The historic narrow-gauge Nevada Central Railroad line ran from Battle Mountain to Austin, but has long been defunct.

Battle Mountain Airport (IATA: BAM, ICAO: KBAM, FAA LID: BAM), also known as Lander County Airport, is a public-use airport located 3 mi southeast of the central business district of Battle Mountain.
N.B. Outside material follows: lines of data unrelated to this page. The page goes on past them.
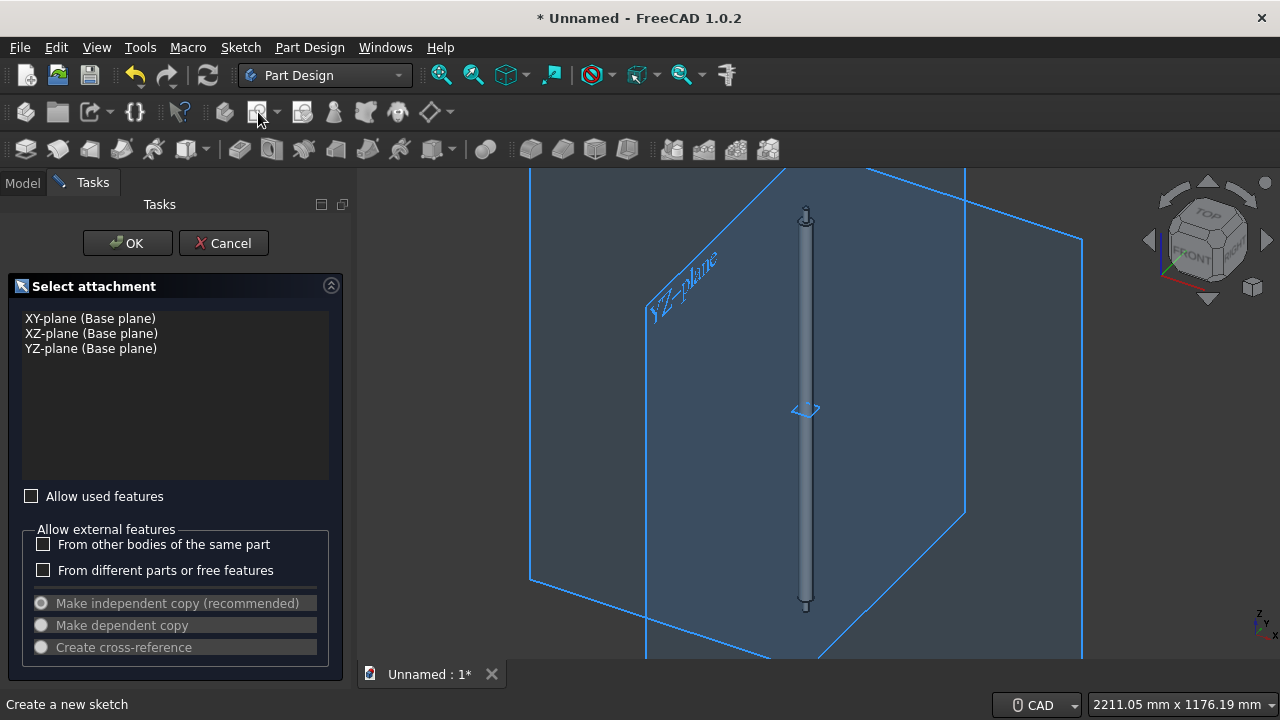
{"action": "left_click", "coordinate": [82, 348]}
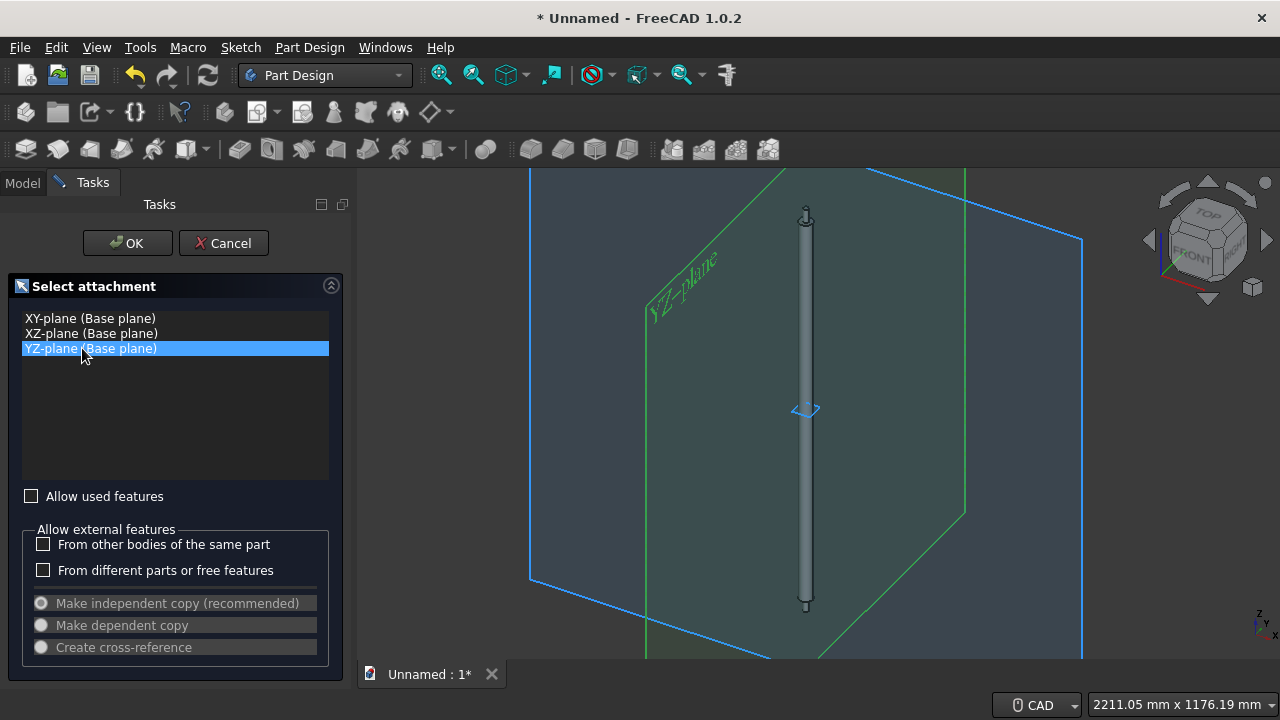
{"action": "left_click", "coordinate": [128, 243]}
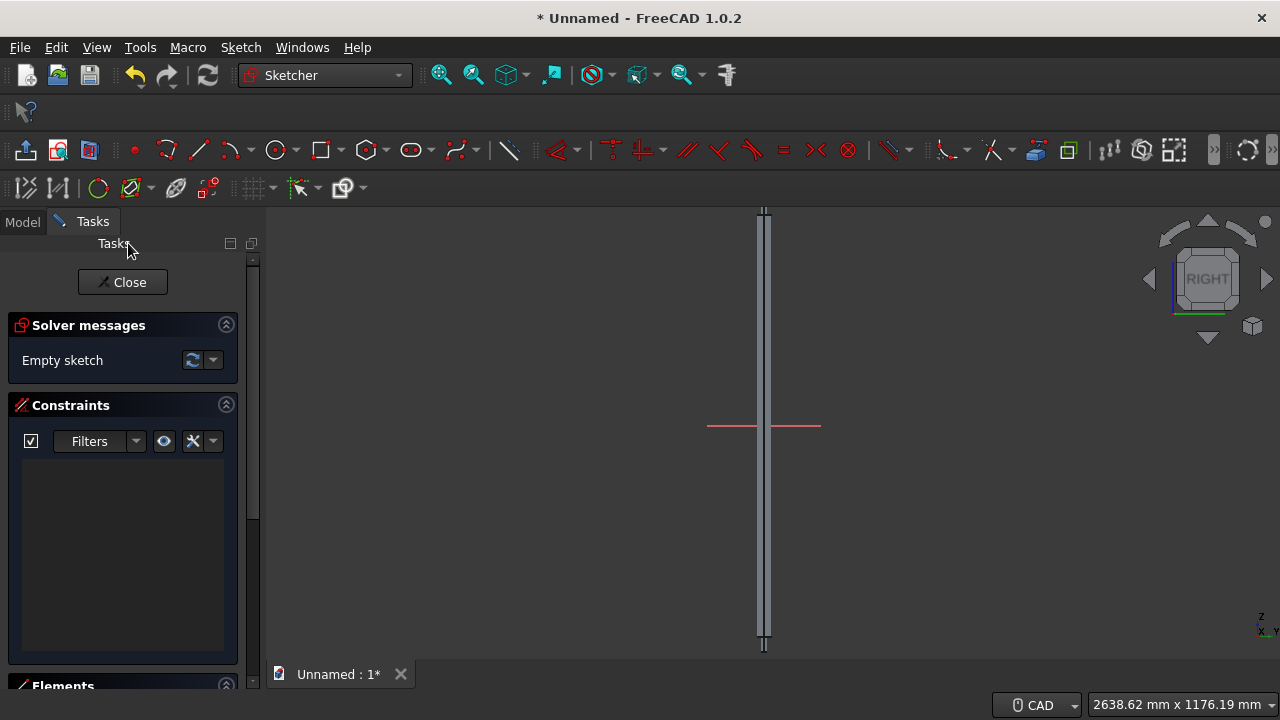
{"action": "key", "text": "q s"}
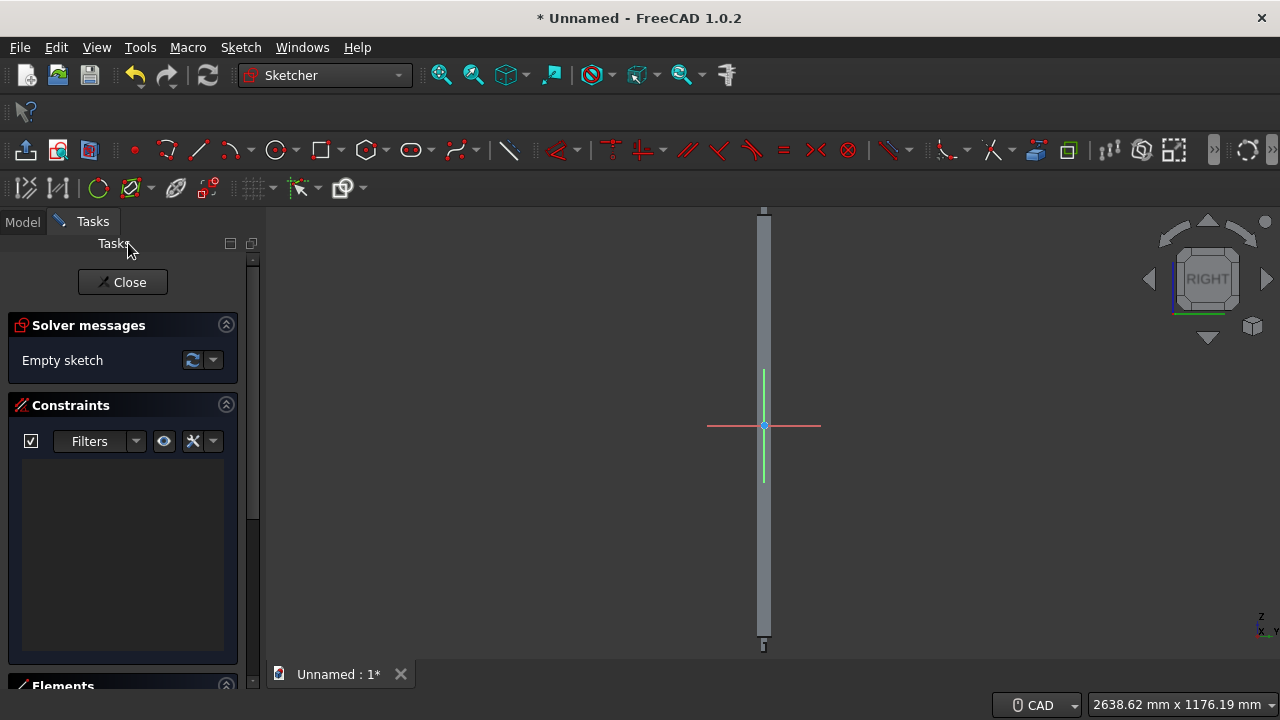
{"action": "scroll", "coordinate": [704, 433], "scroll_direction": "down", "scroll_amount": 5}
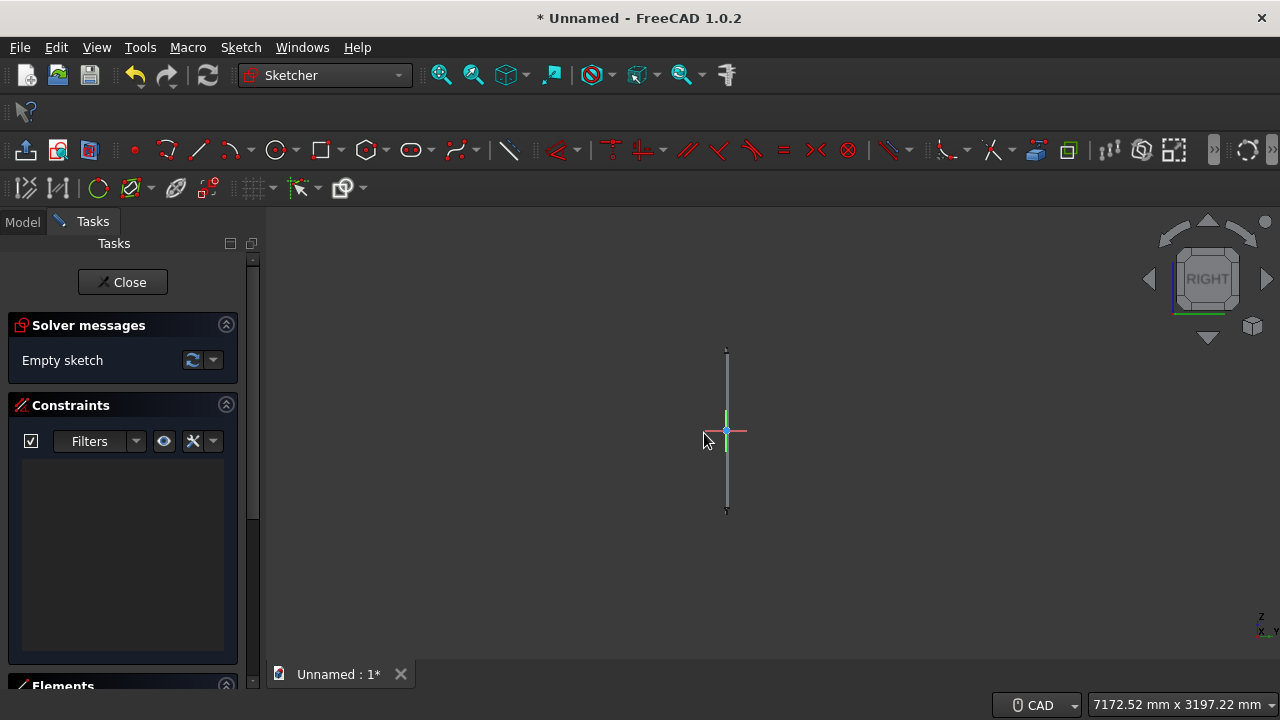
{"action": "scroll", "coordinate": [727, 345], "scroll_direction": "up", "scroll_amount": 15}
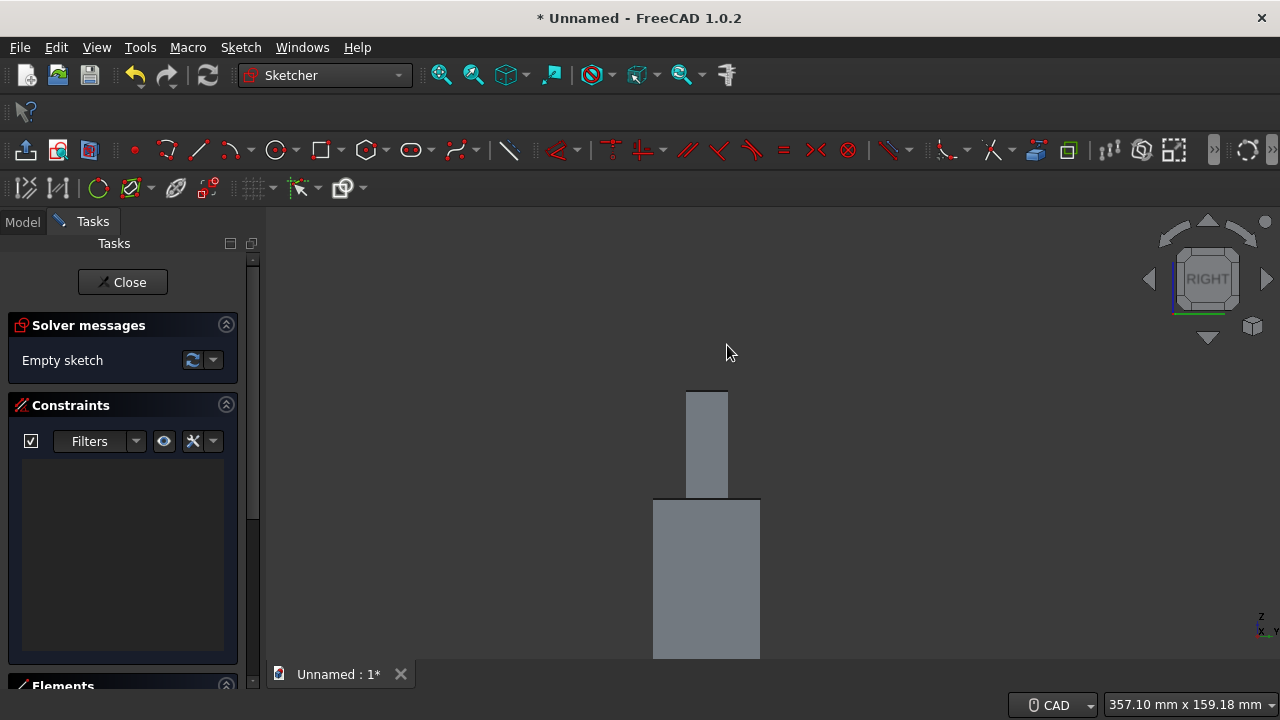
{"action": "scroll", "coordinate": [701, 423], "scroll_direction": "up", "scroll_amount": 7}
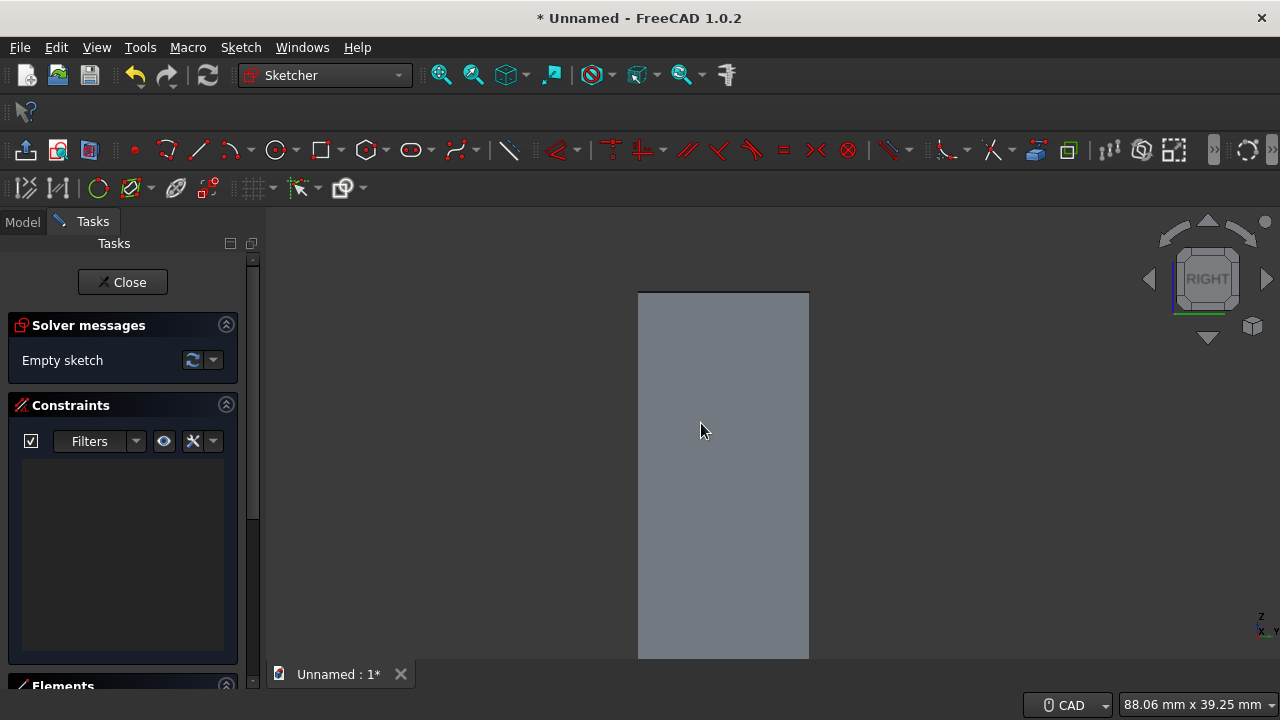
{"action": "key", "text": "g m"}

This general aviation airport is owned by Lander County and operated by the Battle Mountain Airport Authority.

==Notable people==
- Joyce Collins, jazz pianist, singer, and educator
- Mary Dann and Carrie Dann, (Crescent Valley) Western Shoshone activists for cultural and spiritual rights and land rights
- James H. Ledlie, Union officer in the Civil War whom Ulysses S. Grant called "the greatest coward of the war"
- John Marvel, rancher and legislator
- Jeannette Walls, author

==National recognition==
In December 2001, The Washington Post published an article by Gene Weingarten titled "Why Not The Worst?" that popularly titled Battle Mountain as the "Armpit of America". The town used the unofficial title as a publicity opportunity, and hosted an annual "Armpit Festival" from 2002–2005, which was sponsored by Old Spice and awarded deodorant-themed prizes to participants.

On January 2, 2009, The New York Times released an article titled "A Nevada Town Escapes the Slump, Thanks to Gold". The article regards the national economic depression and discusses Battle Mountain's economy.

==In popular culture==

The name of the 2007 debut studio album Downtown Battle Mountain by American post-hardcore band Dance Gavin Dance was inspired by the town.